C'è un modo (magari un opzione di emerge) per dire ad emerge di saltare i pacchetti che non riesce a compilare durante un "emerge -uD world" e continuare con gli altri?

Mi chiedevo se fosse possibile dato che il mio script di update che gira con cron ogni sab si ferma anche quando un solo ebuild fallisce.

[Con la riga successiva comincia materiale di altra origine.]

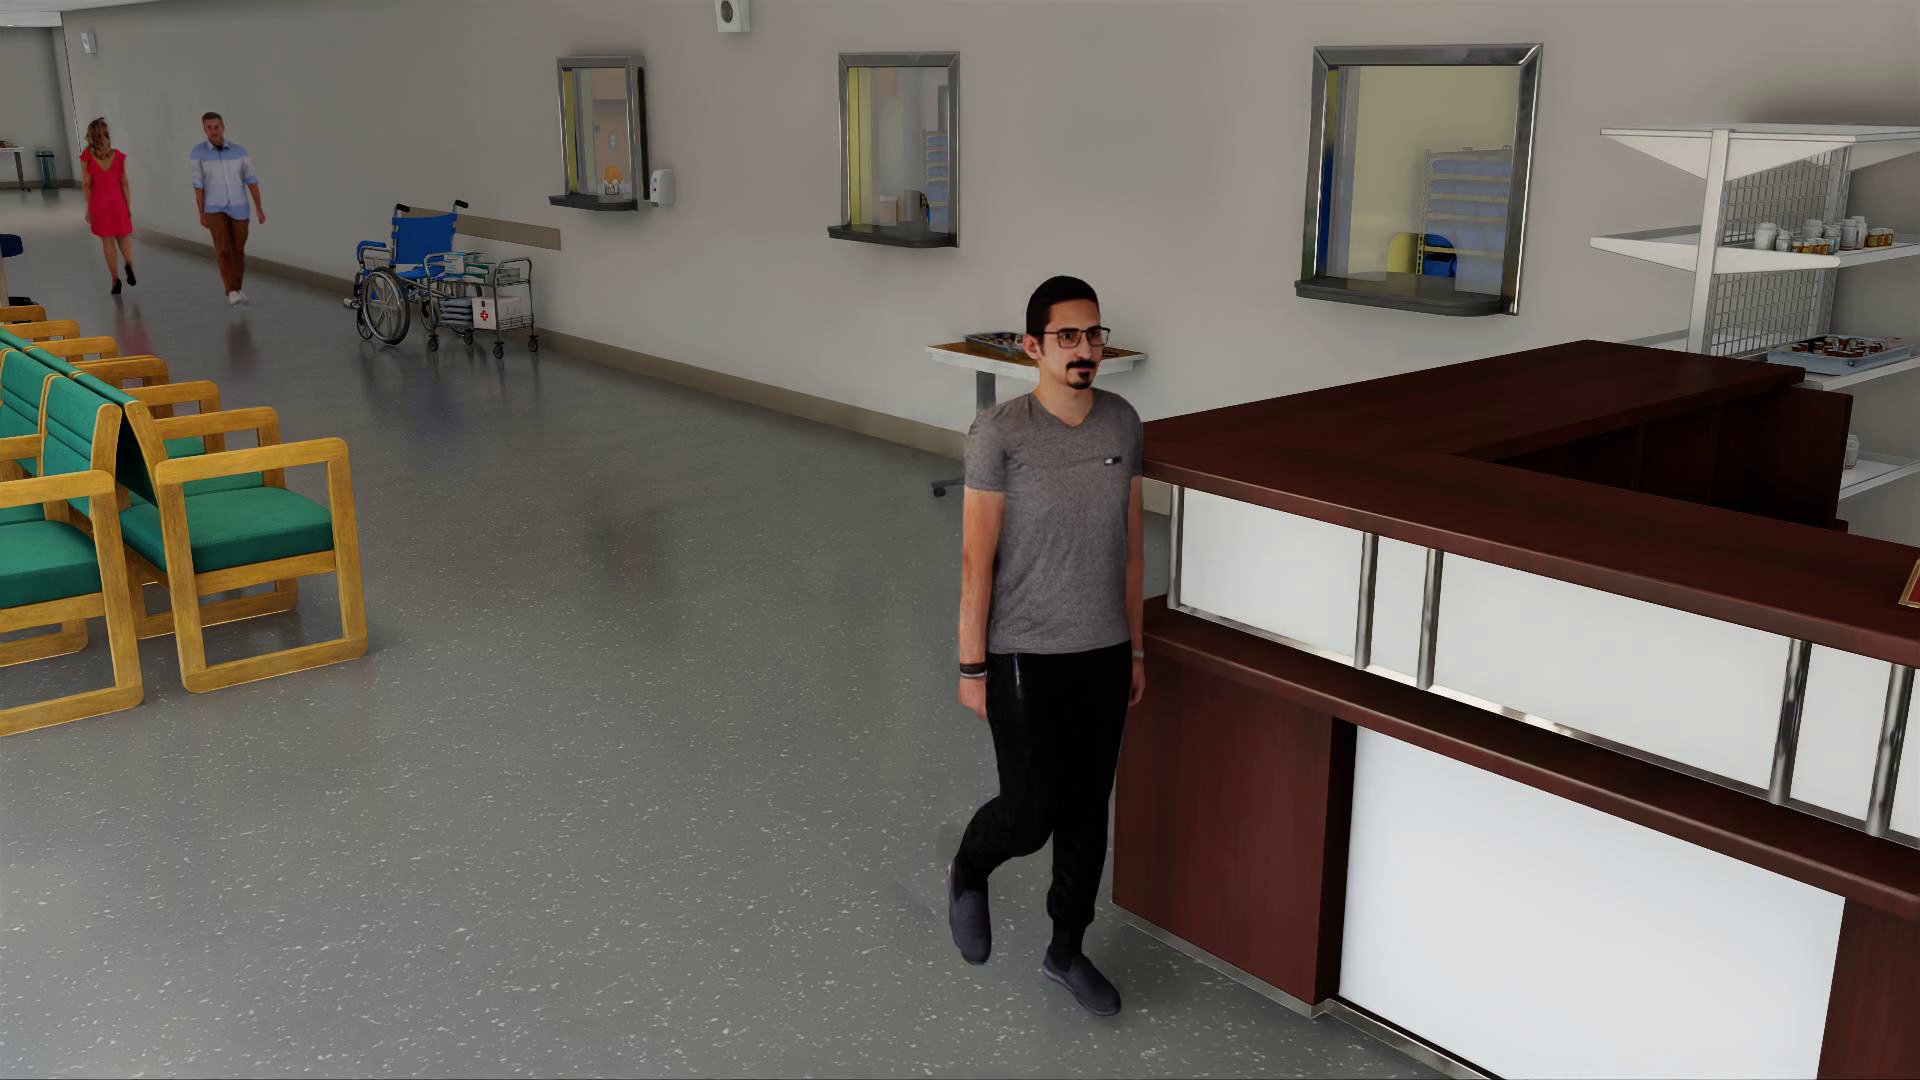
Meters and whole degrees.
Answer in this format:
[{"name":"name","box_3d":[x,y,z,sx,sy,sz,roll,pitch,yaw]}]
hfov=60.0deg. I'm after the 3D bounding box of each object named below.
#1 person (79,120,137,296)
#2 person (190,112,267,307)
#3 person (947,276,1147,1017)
[{"name":"person","box_3d":[-8.486,-3.310,16.598,0.673,1.719,0.642,-12,20,-36]},{"name":"person","box_3d":[-7.010,-3.134,15.848,0.891,1.787,0.766,-13,20,-38]},{"name":"person","box_3d":[0.192,0.245,3.944,0.737,1.744,0.741,-9,18,-29]}]

Se l'opzione non esiste anche qualche riga di shell script sarebbe ben accetta   :Smile: .

Grazie.

----------

## codadilupo

 *LucaMartinetti wrote:*   

> Ciao a tutti! Ho una domanda abbastanza semplice su portage.. allora..
> 
> C'è un modo (magari un opzione di emerge) per dire ad emerge di saltare i pacchetti che non riesce a compilare durante un "emerge -uD world" e continuare con gli altri?
> 
> Mi chiedevo se fosse possibile dato che il mio script di update che gira con cron ogni sab si ferma anche quando un solo ebuild fallisce.
> ...

 

al momento mi viene in mente solo 

```
# emerge -i pacchetto
```

 che pero' andrebbe fatto solo dopo aver verificato che il tal pacchetto non si compila. In oltre, non é un buon metodo, saltare a pie' pari i pacchetti, perché potrebbero essere davvero importanti. Il mio suggerimento, quindi, é: fai in modo che il tuo script lanci prima bugzilla.py (programmino di morellik, invero moooolto utile) che trovi su www.gentoo.it : se il programma non trova bug noti, allora puoi lanciare l'emerge vero e proprio: al 90% non ci dovrebbero essere problemi.

Coda

----------

## shev

 *codadilupo wrote:*   

> al momento mi viene in mente solo 
> 
> ```
> # emerge -i pacchetto
> ```
> ...

 

Soprattutto presuppone l'intervento manuale, cosa che il nostro amico non vorrebbe visto che parla di update automatico e cron. Sinceramente non so se nelle recenti versioni di portage ci sia un'opzione che permetta a portage di proseguire nonostante gli errori, cmq ci sono diverse cose che mi lasciano perplesso a riguardo:

- imho è sconsigliabile lanciare automaticamente update di sistema se non si è presenti a controllare. Va bene essere fiduciosi, ma un pizzico di sicurezza non guasta mai

- non credo sia una cosa saggia voler proseguire cmq con l'aggiornamento se c'è qualche intoppo, visto che il pacchetto che non compila dovrebbe/potrebbe servire, minando la stabilità del sistema

- se si usa il ramo stabile di gentoo non dovrebbero esserci problemi con gli update, quindi nno dovrebbe fallire la compilazione di nessun pacchetto ne esserci bisogno quindi di opzioni dedicate

Insomma, non so se esiste ciò che chiedi, ma potrebbe essere un bene: certe cose imho vanno fatte con l'amministratore presente  :Wink: 

----------

## codadilupo

 *Shev wrote:*   

> Soprattutto presuppone l'intervento manuale, cosa che il nostro amico non vorrebbe visto che parla di update automatico e cron.

 

Beh, in realtà si puo' automatizzare... un po' di grep e | mi pare possano bastare...

 *Quote:*   

>  Sinceramente non so se nelle recenti versioni di portage ci sia un'opzione che permetta a portage di proseguire nonostante gli errori, cmq

 

Questo si'. Apposto ho suggerito di inserire il bugzilla di morellik: solo se non ci sono problemi noti, allora si puo' andare sula fiducia (e non  essere presenti)  :Wink: 

Coda

----------

## LucaMartinetti

le tue considerazioni sono giustissime ma..

 *Quote:*   

> 
> 
> - imho è sconsigliabile lanciare automaticamente update di sistema se non si è presenti a controllare. Va bene essere fiduciosi, ma un pizzico di sicurezza non guasta mai
> 
> 

 

anche se il server in questione non è assulutamente mission critical (p2p server di casa)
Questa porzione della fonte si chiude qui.